One of the writers I told this mishap to advised me to skip my final session “writing memoir: or, how to take your most private, painful story, shape it into a cohesive narrative and send it out into the world” and go to Alexander Chee‘s session instead. At “writing an autobiographical novel”, the Maine-based author of “Edinburgh” and “Queen of the Night” said, “The libel test is if a stranger reads it and identifies the characters.” He also made me think hard about the freedom of fiction.

“If you base your novel on what happened to you, there will always be blind spots you aren’t aware of and can’t control. On the other hand, you have full control over what you invent.”

Can I avoid the friction of fiction by freeing myself to indulge in the playground of my imagination? Change my characters so that they are no longer recognisable? A surfer with a sagging beer belly? A grieving widow with acne and sciatica? A gold digger pretending to be in love with her teacher? A closet chef hidden behind a thick mustache?

On the second day of the conference, I walked fifteen minutes late into Mary Carroll Moore‘s “Your Book Starts Here: Build a Successful Structure for Your Manuscript in Any Genre” because of my lunch conversation with a mystery writer I had met the previous day. Ms Moore drew a big W on the flip chart and asked us to write the five points of our storyboard on five yellow post-it notes. She told us to start with the last and fifth event (the resolution) and then go back to points one and three, the first triggering incident, also known as the false agreement. While I was busy scribbling my story, she asked us to tear off a scrap piece of paper and enter our names for a book raffle. To my surprise, I won her book.
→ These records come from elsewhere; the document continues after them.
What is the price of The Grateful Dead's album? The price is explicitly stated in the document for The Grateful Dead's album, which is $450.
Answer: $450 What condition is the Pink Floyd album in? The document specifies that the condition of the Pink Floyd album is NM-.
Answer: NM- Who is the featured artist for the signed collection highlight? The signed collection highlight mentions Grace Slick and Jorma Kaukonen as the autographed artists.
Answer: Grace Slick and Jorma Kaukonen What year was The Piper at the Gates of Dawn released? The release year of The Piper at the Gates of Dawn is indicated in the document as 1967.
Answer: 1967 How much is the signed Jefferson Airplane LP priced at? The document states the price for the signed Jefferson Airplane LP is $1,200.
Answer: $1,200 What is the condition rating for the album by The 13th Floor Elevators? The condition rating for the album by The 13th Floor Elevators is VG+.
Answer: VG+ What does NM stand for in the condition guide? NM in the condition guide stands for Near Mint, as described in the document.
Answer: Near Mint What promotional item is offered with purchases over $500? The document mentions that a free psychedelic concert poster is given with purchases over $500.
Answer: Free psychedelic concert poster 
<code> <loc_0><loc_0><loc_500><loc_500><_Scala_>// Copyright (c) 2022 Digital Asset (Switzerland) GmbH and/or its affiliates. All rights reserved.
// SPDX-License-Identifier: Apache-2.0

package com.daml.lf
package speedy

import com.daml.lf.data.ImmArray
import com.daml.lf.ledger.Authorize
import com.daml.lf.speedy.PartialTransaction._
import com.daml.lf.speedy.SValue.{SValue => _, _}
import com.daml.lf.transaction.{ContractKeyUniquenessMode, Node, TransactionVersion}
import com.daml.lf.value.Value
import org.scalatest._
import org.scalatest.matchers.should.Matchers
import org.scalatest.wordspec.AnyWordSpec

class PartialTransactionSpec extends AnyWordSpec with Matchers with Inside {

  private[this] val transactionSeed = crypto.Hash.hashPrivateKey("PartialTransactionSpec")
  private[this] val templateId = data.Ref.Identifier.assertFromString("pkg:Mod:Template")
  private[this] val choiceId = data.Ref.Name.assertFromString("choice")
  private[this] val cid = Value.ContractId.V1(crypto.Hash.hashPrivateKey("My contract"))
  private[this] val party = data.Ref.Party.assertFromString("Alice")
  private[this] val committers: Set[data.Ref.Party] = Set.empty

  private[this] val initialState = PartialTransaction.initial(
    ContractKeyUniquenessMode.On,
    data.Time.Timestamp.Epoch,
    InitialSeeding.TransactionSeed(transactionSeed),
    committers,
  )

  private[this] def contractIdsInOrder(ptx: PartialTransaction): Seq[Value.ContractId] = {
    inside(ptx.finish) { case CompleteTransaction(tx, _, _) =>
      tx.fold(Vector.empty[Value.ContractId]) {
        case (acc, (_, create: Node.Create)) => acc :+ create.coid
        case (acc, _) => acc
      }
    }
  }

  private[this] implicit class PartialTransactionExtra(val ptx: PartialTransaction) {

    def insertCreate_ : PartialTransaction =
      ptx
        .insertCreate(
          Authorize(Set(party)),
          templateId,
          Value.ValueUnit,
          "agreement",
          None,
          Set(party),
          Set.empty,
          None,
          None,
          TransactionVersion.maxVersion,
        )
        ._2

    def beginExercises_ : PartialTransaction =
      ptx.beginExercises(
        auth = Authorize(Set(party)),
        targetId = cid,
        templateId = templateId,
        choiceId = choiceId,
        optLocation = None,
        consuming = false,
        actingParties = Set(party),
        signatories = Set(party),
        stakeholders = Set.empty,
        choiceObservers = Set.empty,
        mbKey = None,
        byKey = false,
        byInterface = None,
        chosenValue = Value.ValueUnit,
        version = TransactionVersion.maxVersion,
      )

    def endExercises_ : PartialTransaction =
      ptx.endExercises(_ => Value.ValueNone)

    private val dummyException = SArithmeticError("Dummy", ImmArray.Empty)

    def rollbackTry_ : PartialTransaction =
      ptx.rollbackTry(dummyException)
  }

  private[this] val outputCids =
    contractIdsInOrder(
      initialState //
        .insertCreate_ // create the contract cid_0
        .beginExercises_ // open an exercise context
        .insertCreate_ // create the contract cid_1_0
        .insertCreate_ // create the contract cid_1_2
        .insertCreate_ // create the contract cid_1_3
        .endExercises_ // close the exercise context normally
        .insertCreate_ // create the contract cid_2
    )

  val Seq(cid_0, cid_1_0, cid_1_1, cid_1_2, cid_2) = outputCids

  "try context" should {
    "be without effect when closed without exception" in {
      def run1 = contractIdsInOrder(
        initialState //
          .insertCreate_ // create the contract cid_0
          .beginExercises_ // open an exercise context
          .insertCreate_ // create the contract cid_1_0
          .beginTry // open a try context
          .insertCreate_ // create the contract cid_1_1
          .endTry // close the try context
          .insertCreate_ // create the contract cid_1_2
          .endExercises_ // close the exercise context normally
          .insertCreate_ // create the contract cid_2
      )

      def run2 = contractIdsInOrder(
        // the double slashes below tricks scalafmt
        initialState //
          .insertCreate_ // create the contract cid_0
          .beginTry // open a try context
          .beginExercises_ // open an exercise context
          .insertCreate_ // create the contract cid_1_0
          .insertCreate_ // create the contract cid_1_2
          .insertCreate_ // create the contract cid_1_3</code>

Apart from one session that did not apply or interest me, every session I had chosen was fretfully interesting. I learned the importance of writing to make the reader see in Annie Weatherwax‘s “Creating Pictures with Words: How and Why Visual Writing Works.” Although I had already practised rousing the reader’s five senses in Paul Wood‘s creative writing class on Maui, I had not appreciated the impact of mirror neurons and visual artists’ keen sense of observation. Weatherwax’s novel “All We Had” caught my attention, and I promptly watched the movie made from the book on Netflix the next night.

Every speaker and teacher who presented at the conference are published authors with teaching experience, some offering writing retreats in exotic places like the Greek islands. They told humbling stories of what they had to do to write, amid the numerous rejections and paranoia of failure after the first success. The final keynote session of four author panellists “Selling Out without Selling Out” was most revealing. The message was clear: don’t give up.

I didn’t think I was a writer until I joined the standing ovation for the first keynote speaker. The Korean American author of “Pachinko” spoke without fear about what we all felt about our art. “You have to care deeply about what you write to still be truly alive to who you really are.”

Later, two people, independent of each other, congratulated me on my speech and on being authentic. I thanked them but apologised that I was not Min Jin Lee.

UPDATE @25th May 2018: Videos of the keynote speakers at the Muse & Marketplace Conference 2018 can be viewed from Grubstreet’s webpage.